TASK OBJECTIVE:
Go through the data below line by line and count those containing the word "passage". Reply with the count only.

DATA PROVIDED:
· · · · · · ·

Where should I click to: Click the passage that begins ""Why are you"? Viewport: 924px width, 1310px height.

· · · · · · ·

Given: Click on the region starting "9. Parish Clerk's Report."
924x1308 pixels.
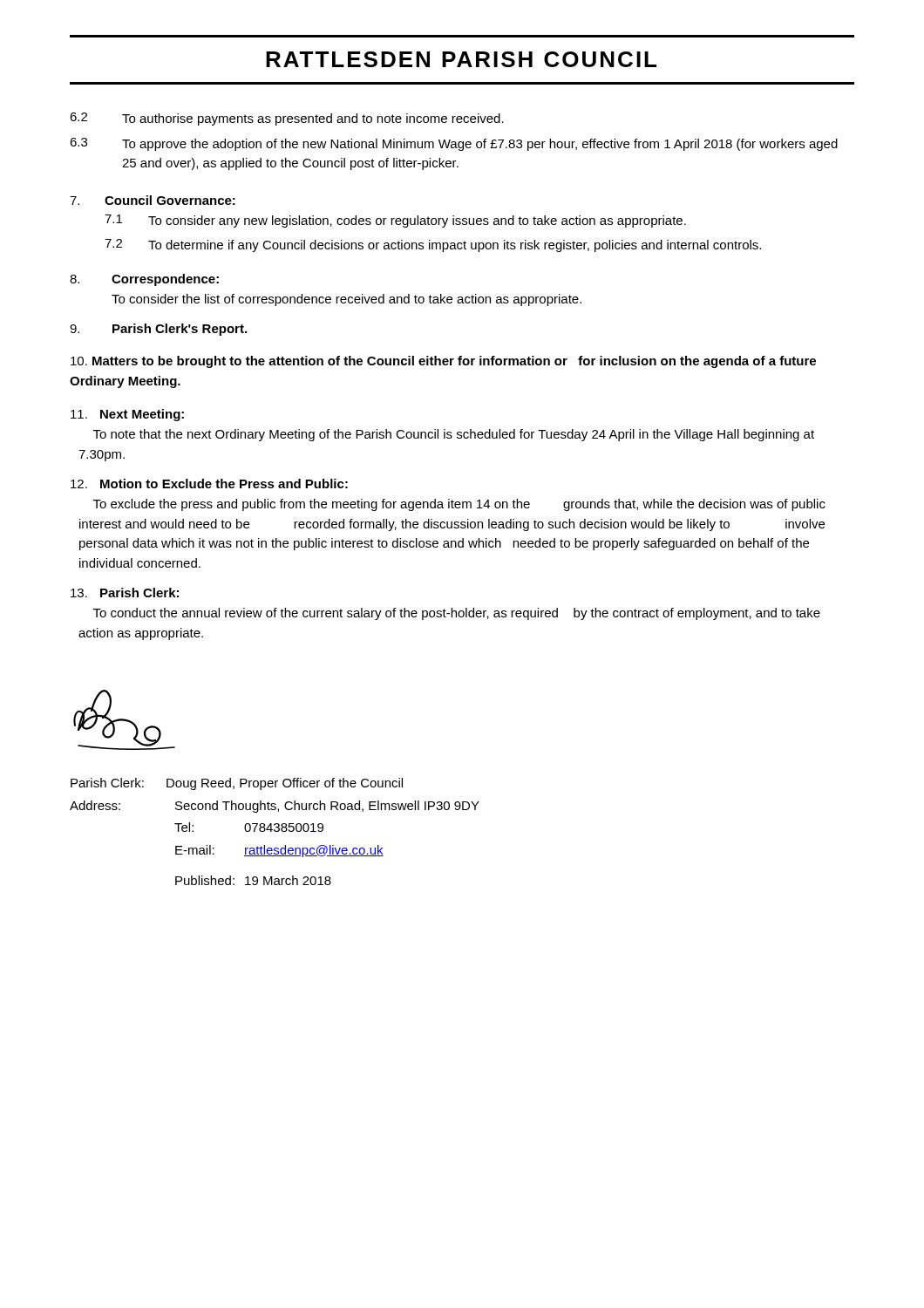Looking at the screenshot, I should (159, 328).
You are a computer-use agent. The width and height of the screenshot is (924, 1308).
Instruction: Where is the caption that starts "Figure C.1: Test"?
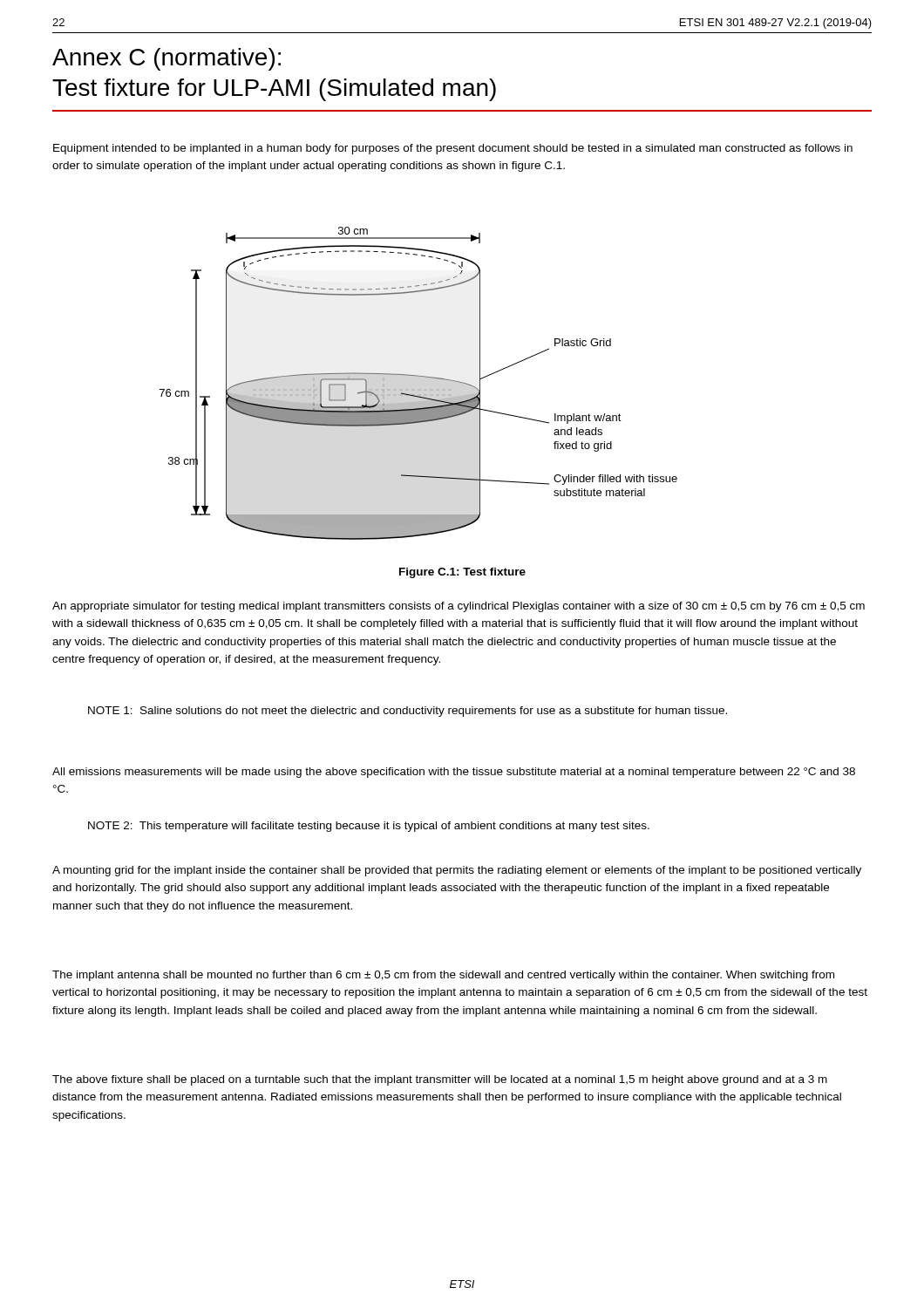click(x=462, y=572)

· · · · · · ·

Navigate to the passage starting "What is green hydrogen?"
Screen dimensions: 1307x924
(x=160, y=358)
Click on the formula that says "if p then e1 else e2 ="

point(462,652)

· · · · · · ·

ANSWER:
2